I assume that the specified power of a panel to be that which can be achieved in ideal natural conditions. i.e. clear sky, i.e. minimal atmospheric attenuation but still what can be achieved in the natural environment. Sure, if I concentrate sunlight via mirrors I'd be able to make any panel push whatever power you want (before melting it that is) but that's not the expectation when a customer sees the power specification.

Sure, If I was seeing around 75% of the specified short circuit current, I might doubt myself, but these panels were producing far less than that.

Covid's put the cabosh on the whole trip now I'm not in a rush to get the panels sorted out.

I am planning to get some older model 300W roof panels and trying them out. My roof panels seem to generate much closer to the specified current (80%) and they're not even oriented optimally so maybe I raid my roof panels :-)

The standard condition for the PV panels are 20°C temperature of the cells and 1000W/m² with an AM1.5 spectrum. That is the wavelengths if the light goes through 1.5 times the normal clean air. So this would be a clear sky day with the sum coming in at some 40° Angle.  So the winter conditions may be relatively close to the standard. The temperature  mainly effects the voltage and has little effect on the current. Here low temperature may actuall reduce the current a little (like a few percent - so still not relevant). Because of temperature even legit panels  don't get the nominal power very often (maybe on a sunny day in spring with some wind).

The current usually does no depend much on the voltage at the panel, as long as the voltage is well below the MPP or open circuit voltage.
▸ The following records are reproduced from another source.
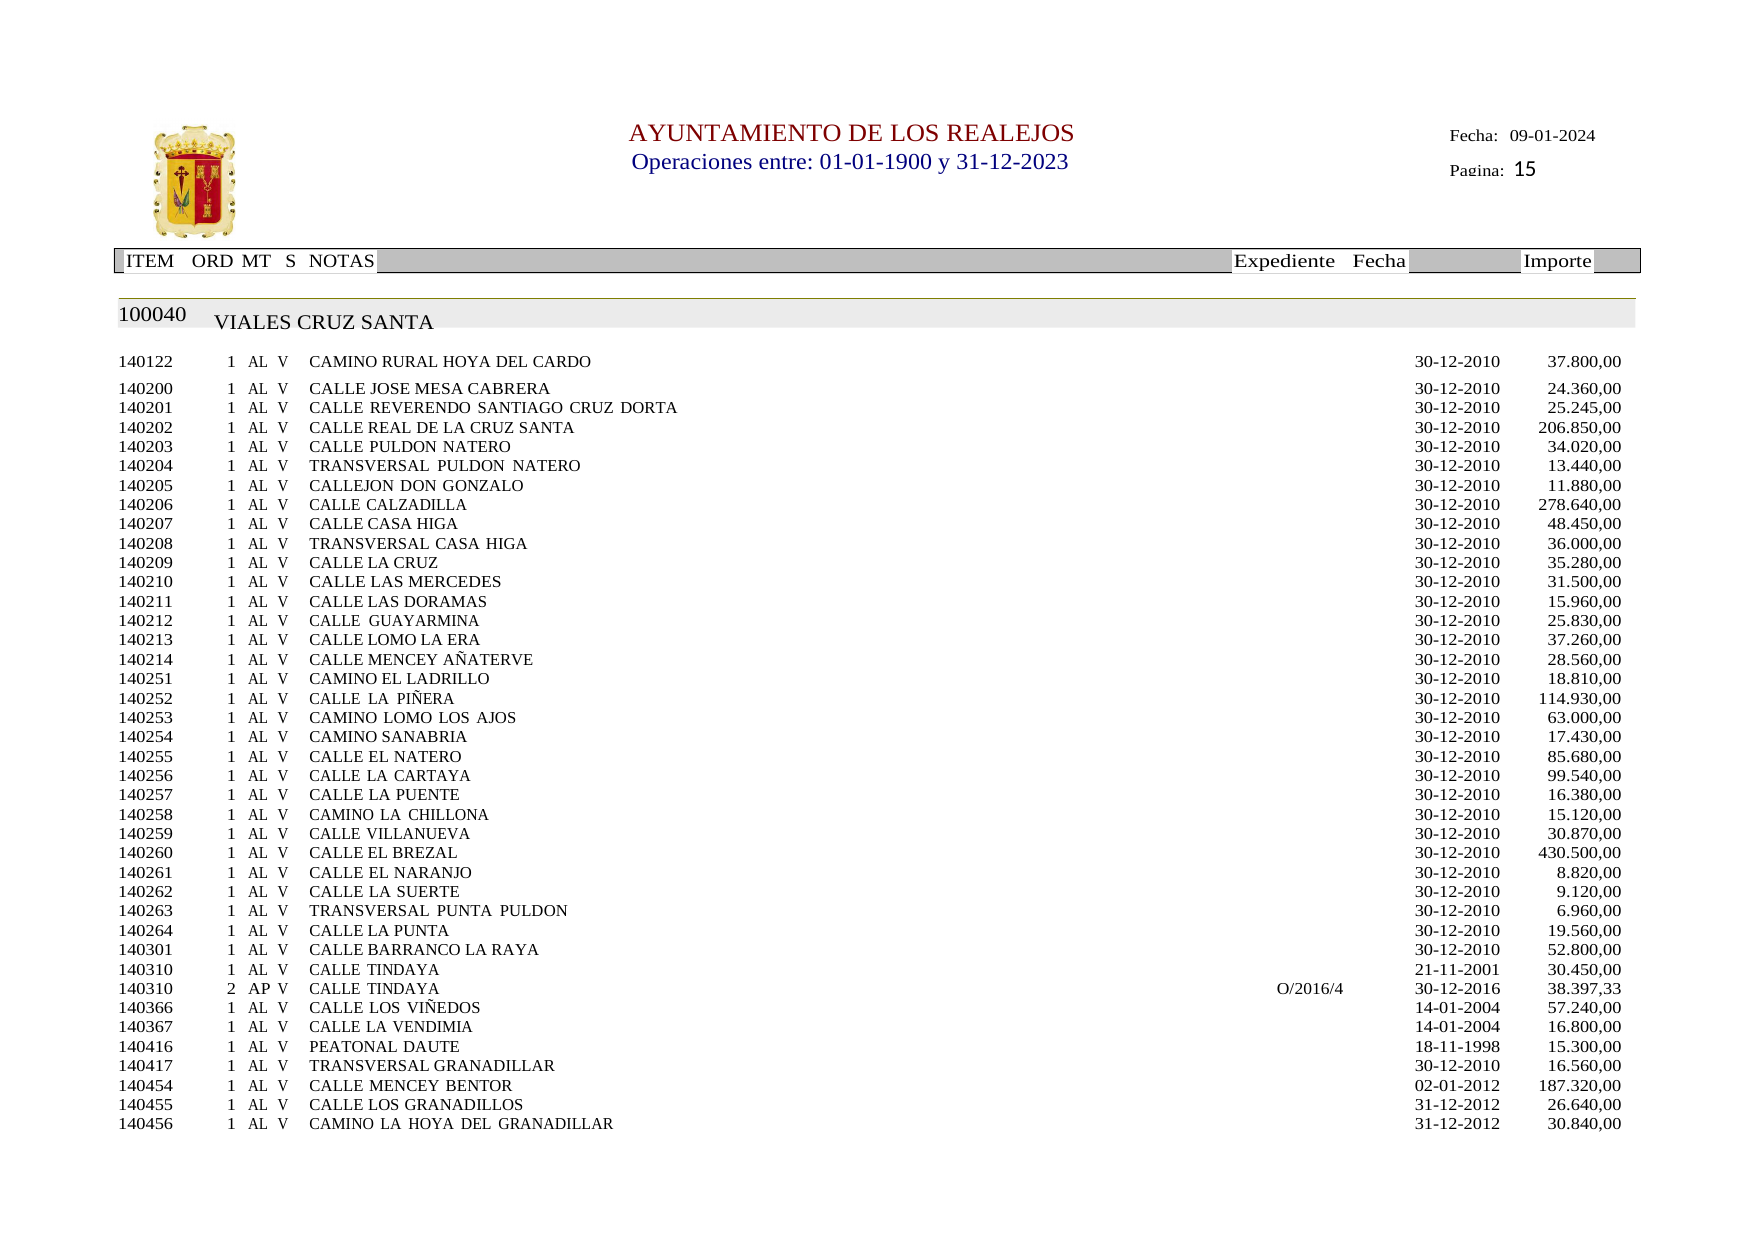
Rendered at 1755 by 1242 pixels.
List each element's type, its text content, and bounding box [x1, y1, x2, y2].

table_cell V [274, 825, 299, 844]
table_cell CAMINO SANABRIA [299, 728, 976, 747]
table_cell 30-12-2016 [1379, 980, 1519, 999]
table_cell [976, 399, 1379, 418]
table_cell AP [242, 980, 274, 999]
table_cell [976, 786, 1379, 806]
table_cell 140201 [114, 399, 200, 418]
table_cell 140209 [114, 554, 200, 573]
table_cell [976, 380, 1379, 399]
table_cell AL [242, 515, 274, 534]
table_cell 1 [200, 515, 242, 534]
table_cell V [274, 748, 299, 767]
table_cell V [274, 922, 299, 941]
table_cell AL [242, 960, 274, 980]
table_cell V [274, 999, 299, 1018]
table_cell 18-11-1998 [1379, 1038, 1519, 1057]
table_cell TRANSVERSAL PULDON NATERO [299, 457, 976, 476]
table_cell CALLE EL NARANJO [299, 864, 976, 883]
table_cell [976, 476, 1379, 496]
table_cell 14-01-2004 [1379, 999, 1519, 1018]
table_cell 1 [200, 825, 242, 844]
table_cell 30-12-2010 [1379, 631, 1519, 651]
table_cell CALLE LA PIÑERA [299, 689, 976, 709]
table_cell CALLE CALZADILLA [299, 496, 976, 515]
table_cell CALLE REVERENDO SANTIAGO CRUZ DORTA [299, 399, 976, 418]
table_cell V [274, 399, 299, 418]
table_cell V [274, 554, 299, 573]
table_cell 1 [200, 670, 242, 689]
table_cell 1 [200, 438, 242, 457]
table_cell V [274, 786, 299, 806]
table_cell 18.810,00 [1519, 670, 1636, 689]
table_cell V [274, 612, 299, 631]
table_cell 206.850,00 [1519, 418, 1636, 438]
table_cell 30-12-2010 [1379, 399, 1519, 418]
table_cell V [274, 902, 299, 922]
table_cell 140310 [114, 980, 200, 999]
table_cell V [274, 438, 299, 457]
table_cell [976, 767, 1379, 786]
table_cell V [274, 670, 299, 689]
table_cell V [274, 476, 299, 496]
table_cell TRANSVERSAL CASA HIGA [299, 535, 976, 554]
table_cell [976, 631, 1379, 651]
table_cell 30.840,00 [1519, 1115, 1636, 1133]
table_cell 30-12-2010 [1379, 438, 1519, 457]
table_cell AL [242, 476, 274, 496]
table_cell AL [242, 748, 274, 767]
table_cell V [274, 864, 299, 883]
table_cell [976, 573, 1379, 593]
table_cell 140204 [114, 457, 200, 476]
table_cell [976, 825, 1379, 844]
table_cell 1 [200, 593, 242, 612]
table_cell [976, 418, 1379, 438]
table_cell CALLE LOMO LA ERA [299, 631, 976, 651]
table_cell CALLE LAS DORAMAS [299, 593, 976, 612]
table_cell AL [242, 883, 274, 902]
table_cell 28.560,00 [1519, 651, 1636, 670]
table_cell V [274, 380, 299, 399]
table_cell CALLE PULDON NATERO [299, 438, 976, 457]
table_cell [976, 670, 1379, 689]
table_cell 30-12-2010 [1379, 380, 1519, 399]
table_cell 15.960,00 [1519, 593, 1636, 612]
table_cell 140251 [114, 670, 200, 689]
table_cell 140214 [114, 651, 200, 670]
table_cell 21-11-2001 [1379, 960, 1519, 980]
table_cell 140213 [114, 631, 200, 651]
table_cell CALLE EL NATERO [299, 748, 976, 767]
table_cell AL [242, 670, 274, 689]
table_cell 30-12-2010 [1379, 496, 1519, 515]
table_cell 30-12-2010 [1379, 573, 1519, 593]
table_cell 9.120,00 [1519, 883, 1636, 902]
table_cell V [274, 457, 299, 476]
table_cell [976, 1057, 1379, 1076]
table_cell TRANSVERSAL PUNTA PULDON [299, 902, 976, 922]
table_cell 30-12-2010 [1379, 748, 1519, 767]
table_cell 30-12-2010 [1379, 651, 1519, 670]
table_cell AL [242, 728, 274, 747]
table_cell 30-12-2010 [1379, 767, 1519, 786]
table_cell 11.880,00 [1519, 476, 1636, 496]
table_cell V [274, 980, 299, 999]
table_cell [976, 1115, 1379, 1133]
table_cell [976, 612, 1379, 631]
table_cell 1 [200, 418, 242, 438]
table_cell [976, 651, 1379, 670]
table_cell 30-12-2010 [1379, 806, 1519, 825]
table_cell 1 [200, 1076, 242, 1096]
table_cell 1 [200, 689, 242, 709]
table_cell 30-12-2010 [1379, 786, 1519, 806]
table_cell AL [242, 999, 274, 1018]
table_cell [976, 844, 1379, 863]
table_cell 140456 [114, 1115, 200, 1133]
table_cell 31.500,00 [1519, 573, 1636, 593]
table_cell 140301 [114, 941, 200, 960]
table_cell AL [242, 1115, 274, 1133]
table_cell AL [242, 844, 274, 863]
table_cell V [274, 883, 299, 902]
table_cell 30-12-2010 [1379, 844, 1519, 863]
table_cell [976, 1096, 1379, 1115]
table_cell 14-01-2004 [1379, 1018, 1519, 1038]
table_cell AL [242, 786, 274, 806]
table_cell [976, 709, 1379, 728]
table_cell AL [242, 418, 274, 438]
table_cell [976, 941, 1379, 960]
table_cell [976, 806, 1379, 825]
table_cell [976, 689, 1379, 709]
table_cell AL [242, 593, 274, 612]
table_cell 140256 [114, 767, 200, 786]
table_cell 140258 [114, 806, 200, 825]
table_cell 6.960,00 [1519, 902, 1636, 922]
table_cell 30-12-2010 [1379, 902, 1519, 922]
table_cell AL [242, 902, 274, 922]
table_cell 30-12-2010 [1379, 670, 1519, 689]
table_cell CALLE LA SUERTE [299, 883, 976, 902]
table_cell 16.800,00 [1519, 1018, 1636, 1038]
table_cell 1 [200, 748, 242, 767]
table_cell [976, 960, 1379, 980]
table_cell 1 [200, 535, 242, 554]
table_cell CALLE GUAYARMINA [299, 612, 976, 631]
table_cell 140263 [114, 902, 200, 922]
table_cell 140262 [114, 883, 200, 902]
table_cell 15.300,00 [1519, 1038, 1636, 1057]
table_cell CALLE MENCEY BENTOR [299, 1076, 976, 1096]
table_cell 1 [200, 786, 242, 806]
table_cell CALLE CASA HIGA [299, 515, 976, 534]
table_cell V [274, 1115, 299, 1133]
table_cell CALLE LAS MERCEDES [299, 573, 976, 593]
table_cell 1 [200, 399, 242, 418]
table_cell AL [242, 651, 274, 670]
table_cell CALLE MENCEY AÑATERVE [299, 651, 976, 670]
table_cell 30-12-2010 [1379, 689, 1519, 709]
table_cell [976, 496, 1379, 515]
table_cell 278.640,00 [1519, 496, 1636, 515]
table_cell 30-12-2010 [1379, 593, 1519, 612]
table_cell 17.430,00 [1519, 728, 1636, 747]
table_cell [976, 999, 1379, 1018]
table_cell 1 [200, 767, 242, 786]
table_cell 31-12-2012 [1379, 1115, 1519, 1133]
table_cell O/2016/4 [976, 980, 1379, 999]
table_cell AL [242, 1018, 274, 1038]
table_cell V [274, 767, 299, 786]
table_cell CALLE LOS VIÑEDOS [299, 999, 976, 1018]
table_cell 140206 [114, 496, 200, 515]
table_cell [976, 922, 1379, 941]
table_cell 30-12-2010 [1379, 418, 1519, 438]
table_header 37.800,00 [1519, 352, 1636, 380]
table_cell AL [242, 573, 274, 593]
table_cell 19.560,00 [1519, 922, 1636, 941]
table_cell 1 [200, 612, 242, 631]
table_cell 1 [200, 554, 242, 573]
table_cell CALLE LA CARTAYA [299, 767, 976, 786]
table_cell [976, 902, 1379, 922]
table_cell AL [242, 825, 274, 844]
table_cell AL [242, 1096, 274, 1115]
table_cell AL [242, 496, 274, 515]
table_cell V [274, 689, 299, 709]
table_cell 1 [200, 941, 242, 960]
table_cell 99.540,00 [1519, 767, 1636, 786]
table_cell AL [242, 631, 274, 651]
table_cell 30-12-2010 [1379, 728, 1519, 747]
table_cell CAMINO LA CHILLONA [299, 806, 976, 825]
table_cell AL [242, 380, 274, 399]
table_cell CALLE REAL DE LA CRUZ SANTA [299, 418, 976, 438]
table_cell 30-12-2010 [1379, 883, 1519, 902]
table_cell CALLE BARRANCO LA RAYA [299, 941, 976, 960]
table_cell AL [242, 941, 274, 960]
table_cell AL [242, 922, 274, 941]
table_cell 140454 [114, 1076, 200, 1096]
table_cell [976, 438, 1379, 457]
table_cell V [274, 631, 299, 651]
table_cell AL [242, 457, 274, 476]
table_cell V [274, 941, 299, 960]
table_cell 37.260,00 [1519, 631, 1636, 651]
table_cell 24.360,00 [1519, 380, 1636, 399]
text VIALES CRUZ SANTA [213, 309, 1652, 334]
table_cell 36.000,00 [1519, 535, 1636, 554]
table_cell 34.020,00 [1519, 438, 1636, 457]
table_cell AL [242, 1038, 274, 1057]
table_cell 1 [200, 476, 242, 496]
table_cell [976, 883, 1379, 902]
table_cell 140257 [114, 786, 200, 806]
table_cell 16.380,00 [1519, 786, 1636, 806]
table_cell 140203 [114, 438, 200, 457]
table_cell 140210 [114, 573, 200, 593]
table_cell 30-12-2010 [1379, 612, 1519, 631]
table_cell CALLE LA CRUZ [299, 554, 976, 573]
table_cell [976, 748, 1379, 767]
table_cell V [274, 515, 299, 534]
table_cell 140366 [114, 999, 200, 1018]
table_cell CALLEJON DON GONZALO [299, 476, 976, 496]
table_cell 15.120,00 [1519, 806, 1636, 825]
table_cell 140252 [114, 689, 200, 709]
table_header 30-12-2010 [1379, 352, 1519, 380]
table_cell 140208 [114, 535, 200, 554]
table_cell 16.560,00 [1519, 1057, 1636, 1076]
table_cell 140205 [114, 476, 200, 496]
table_cell V [274, 709, 299, 728]
table_cell 1 [200, 457, 242, 476]
table_cell [976, 457, 1379, 476]
table_cell 114.930,00 [1519, 689, 1636, 709]
table_cell AL [242, 399, 274, 418]
table_cell AL [242, 438, 274, 457]
table_cell 2 [200, 980, 242, 999]
table_cell [976, 1018, 1379, 1038]
table_cell CALLE EL BREZAL [299, 844, 976, 863]
table_cell CALLE LA PUENTE [299, 786, 976, 806]
table_header CAMINO RURAL HOYA DEL CARDO [299, 352, 976, 380]
table_cell AL [242, 612, 274, 631]
table_cell 35.280,00 [1519, 554, 1636, 573]
table_header AL [242, 352, 274, 380]
table_cell 1 [200, 1057, 242, 1076]
table_cell 52.800,00 [1519, 941, 1636, 960]
table_cell V [274, 1076, 299, 1096]
table_cell 430.500,00 [1519, 844, 1636, 863]
table_cell [976, 1076, 1379, 1096]
table_header [976, 352, 1379, 380]
table_cell 1 [200, 922, 242, 941]
table_cell 1 [200, 496, 242, 515]
table_cell AL [242, 709, 274, 728]
table_cell 1 [200, 1096, 242, 1115]
table_cell V [274, 418, 299, 438]
table_cell 30-12-2010 [1379, 554, 1519, 573]
table_cell 13.440,00 [1519, 457, 1636, 476]
table_cell [976, 864, 1379, 883]
table_cell 30-12-2010 [1379, 825, 1519, 844]
table_cell V [274, 496, 299, 515]
table_cell 1 [200, 709, 242, 728]
table_cell AL [242, 1057, 274, 1076]
table_cell 1 [200, 960, 242, 980]
table_cell CALLE LOS GRANADILLOS [299, 1096, 976, 1115]
table_cell 140200 [114, 380, 200, 399]
table_cell AL [242, 806, 274, 825]
table_cell 30-12-2010 [1379, 709, 1519, 728]
table_cell 57.240,00 [1519, 999, 1636, 1018]
table_cell 1 [200, 902, 242, 922]
table_cell CAMINO LOMO LOS AJOS [299, 709, 976, 728]
table_cell 140455 [114, 1096, 200, 1115]
table_cell V [274, 593, 299, 612]
table_cell 1 [200, 806, 242, 825]
table_cell 140202 [114, 418, 200, 438]
table_cell V [274, 1018, 299, 1038]
table_cell CALLE TINDAYA [299, 960, 976, 980]
table_cell 30-12-2010 [1379, 922, 1519, 941]
table_cell 30-12-2010 [1379, 941, 1519, 960]
table_cell 140212 [114, 612, 200, 631]
table_cell V [274, 728, 299, 747]
table_cell AL [242, 554, 274, 573]
table_cell 1 [200, 1038, 242, 1057]
table_cell CALLE JOSE MESA CABRERA [299, 380, 976, 399]
table_cell PEATONAL DAUTE [299, 1038, 976, 1057]
table_cell 31-12-2012 [1379, 1096, 1519, 1115]
table_cell 140211 [114, 593, 200, 612]
table_cell 1 [200, 651, 242, 670]
table_cell 140264 [114, 922, 200, 941]
table_cell V [274, 1096, 299, 1115]
table_cell V [274, 1057, 299, 1076]
table_cell [976, 728, 1379, 747]
table_cell CALLE LA PUNTA [299, 922, 976, 941]
table_cell V [274, 573, 299, 593]
table_cell 1 [200, 631, 242, 651]
table_cell 30-12-2010 [1379, 515, 1519, 534]
table_cell 25.245,00 [1519, 399, 1636, 418]
table_cell AL [242, 864, 274, 883]
table_cell 187.320,00 [1519, 1076, 1636, 1096]
table_cell 1 [200, 999, 242, 1018]
table_cell 85.680,00 [1519, 748, 1636, 767]
table_cell 8.820,00 [1519, 864, 1636, 883]
table_cell [976, 554, 1379, 573]
table_cell 140310 [114, 960, 200, 980]
table_cell 30-12-2010 [1379, 457, 1519, 476]
table_cell AL [242, 767, 274, 786]
table_cell V [274, 960, 299, 980]
table_cell CAMINO LA HOYA DEL GRANADILLAR [299, 1115, 976, 1133]
table_cell CALLE LA VENDIMIA [299, 1018, 976, 1038]
table_cell 1 [200, 1115, 242, 1133]
table_cell 140260 [114, 844, 200, 863]
table_cell CALLE VILLANUEVA [299, 825, 976, 844]
table_cell 25.830,00 [1519, 612, 1636, 631]
table_cell 1 [200, 380, 242, 399]
table_cell 26.640,00 [1519, 1096, 1636, 1115]
table_cell 140259 [114, 825, 200, 844]
table_cell 30.870,00 [1519, 825, 1636, 844]
table_cell [976, 1038, 1379, 1057]
table_cell 30-12-2010 [1379, 864, 1519, 883]
table_cell 30.450,00 [1519, 960, 1636, 980]
table_header V [274, 352, 299, 380]
table_cell 1 [200, 864, 242, 883]
table_cell 30-12-2010 [1379, 535, 1519, 554]
table_cell 30-12-2010 [1379, 476, 1519, 496]
table_cell 140254 [114, 728, 200, 747]
table_header 140122 [114, 352, 200, 380]
table_cell 1 [200, 573, 242, 593]
table_cell AL [242, 535, 274, 554]
table_cell [976, 593, 1379, 612]
table_cell TRANSVERSAL GRANADILLAR [299, 1057, 976, 1076]
table_cell 38.397,33 [1519, 980, 1636, 999]
table_cell 140207 [114, 515, 200, 534]
table_cell 30-12-2010 [1379, 1057, 1519, 1076]
table_cell CAMINO EL LADRILLO [299, 670, 976, 689]
table_cell 02-01-2012 [1379, 1076, 1519, 1096]
table_header 1 [200, 352, 242, 380]
table_cell 140416 [114, 1038, 200, 1057]
table_cell 48.450,00 [1519, 515, 1636, 534]
table_cell V [274, 806, 299, 825]
table_cell 1 [200, 728, 242, 747]
table_cell V [274, 1038, 299, 1057]
table_cell 1 [200, 844, 242, 863]
table_cell 140253 [114, 709, 200, 728]
table_cell 1 [200, 1018, 242, 1038]
table_cell 140261 [114, 864, 200, 883]
table_cell AL [242, 1076, 274, 1096]
table_cell V [274, 844, 299, 863]
table_cell [976, 515, 1379, 534]
table_cell V [274, 651, 299, 670]
table_cell 140255 [114, 748, 200, 767]
table_cell 63.000,00 [1519, 709, 1636, 728]
table_cell [976, 535, 1379, 554]
table_cell 140417 [114, 1057, 200, 1076]
table_cell 1 [200, 883, 242, 902]
table_cell 140367 [114, 1018, 200, 1038]
table_cell AL [242, 689, 274, 709]
table_cell V [274, 535, 299, 554]
table_cell CALLE TINDAYA [299, 980, 976, 999]

So the maybe 1 or 2 V drop at the cables and meter does not make a big change. The main point is the angle of incidence (can be calculated from the cosine) and the actual intensity. This can vary a bit with more or less mist and humidity in the air which effects the NIR part and is not directly visible to the eye. So the roof mounted PV panel could help has an indicator.

24% efficiency would be really high end. Possible but only at a price - more like premium grade for maybe a solar plane of solar racer.

Half the claimed current would be around 12% efficiency - more like the polycrstalline grade. It should be visible if the cells are mono or poly type.
One should still be very confident in the meter to measure the current - there are fake panels, but also broken DMMs.

Lots of flexible or ”camping” power panels on ebay that have no way to produce the stated watts as they don’t even have enough surface area to produce the advertised watts.  No need for complicated measurements when 500x1000mm panel claims to output 300w 🧐

90% of the flexible panels from chinese junk sellers are suprisingly … junk with only 30% power. 

Forgot to mention that I have been looking for flexible panels also by myself and it seems like good one are lot more expensive than rigid rooftop panels. Not really suprise considering the production volumes.